Dark Theme Overrides¶
search-overrides.css customises the Pagefind UI to match the site's dark glassmorphism:
- Input: Dark background, cyan border on focus, blur backdrop
- Results: Glass cards with subtle border, cyan title links
- Highlights: Cyan
markelements for matching terms - Sub-results: Indented with cyan left border
- Modal: Full-screen overlay with blur backdrop, 640px max-width
Synonyms (Migrated from old search.js)¶
The old search had a synonym map (~30 terms like m365 → microsoft 365). Pagefind doesn't support custom synonyms natively, but its fuzzy matching and stemming handle most cases:
- "m365" finds "Microsoft 365" via fuzzy match
- "copilot" finds all Copilot-related pages via full-text
- "licence" finds "license" via stemming
If specific synonyms are needed in future, Pagefind supports custom indexing configuration.

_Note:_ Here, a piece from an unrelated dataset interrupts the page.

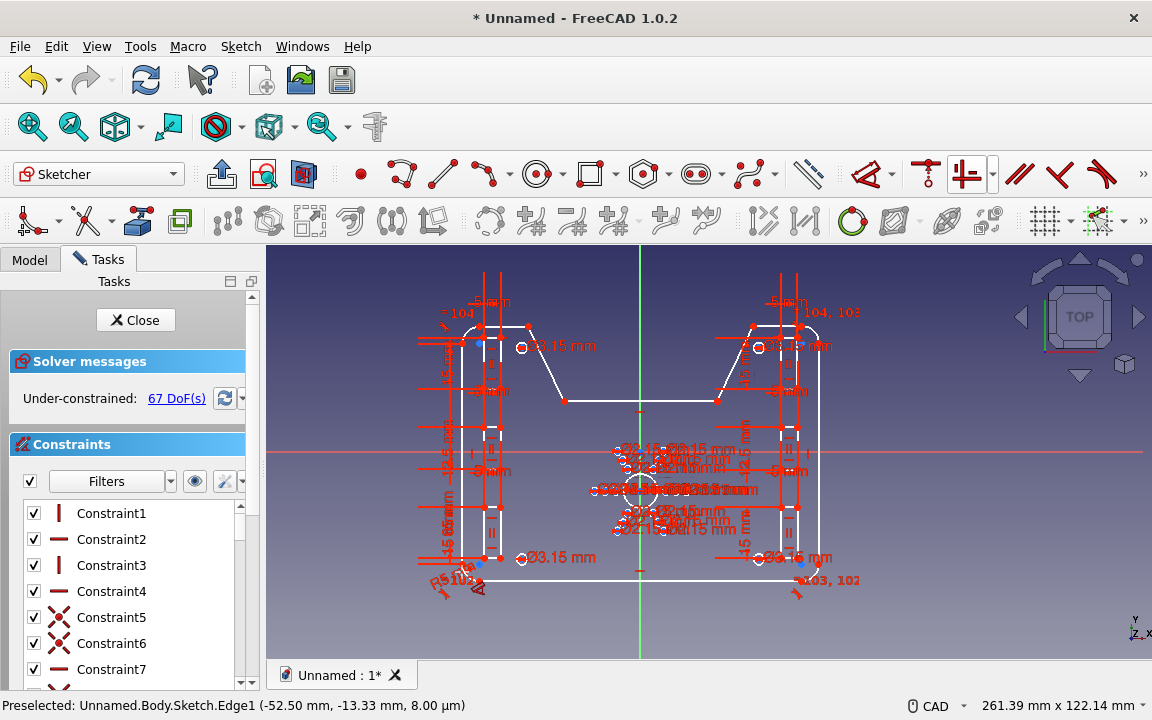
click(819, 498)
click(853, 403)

Semantic Search (Deferred — Phase 2)¶
A rubber-duck critique recommended deferring semantic search (Orama + build-time embeddings) because:
- Needs build-time scripting beyond normal Hugo
- Needs API key handling + re-embedding on content changes
- Needs chunking strategy (section-level, not page-level)
- Hard to debug when results feel "wrong"

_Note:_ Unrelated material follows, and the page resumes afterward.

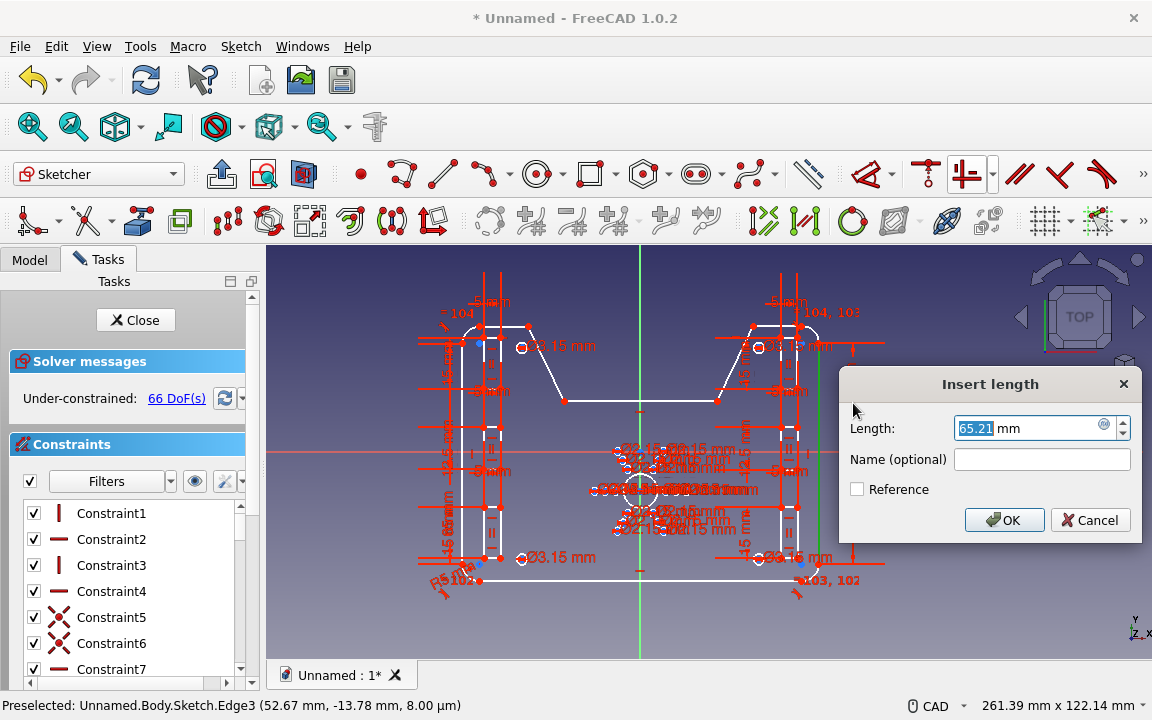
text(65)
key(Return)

- Pagefind's fuzzy + full-text solves 80-90% of intent queries
Revisit criteria: If after 2-4 weeks of Pagefind being live, Clarity session recordings show users failing to find things, then evaluate Orama or Cloudflare Workers AI for semantic query rewriting.
Testing¶
Manual test queries that should return relevant results:
| Query | Expected Results |
|---|---|
| "what licence for copilot" | Licensing Simplifier, Copilot Matrix, blog posts |
| "deprecation exchange" | Deprecation Timeline |
| "how to write prompts" | Prompt Guide, Prompt Polisher, Prompt Library |
| "service health teams" | Service Health Tracker |
| "az-900 study guide" | Cert Tracker AZ-900 page |
| "migration planner" | Migration Planner tool |
Cost¶
$0 — Pagefind is open source (MIT), runs at build time, and the index is served as static files.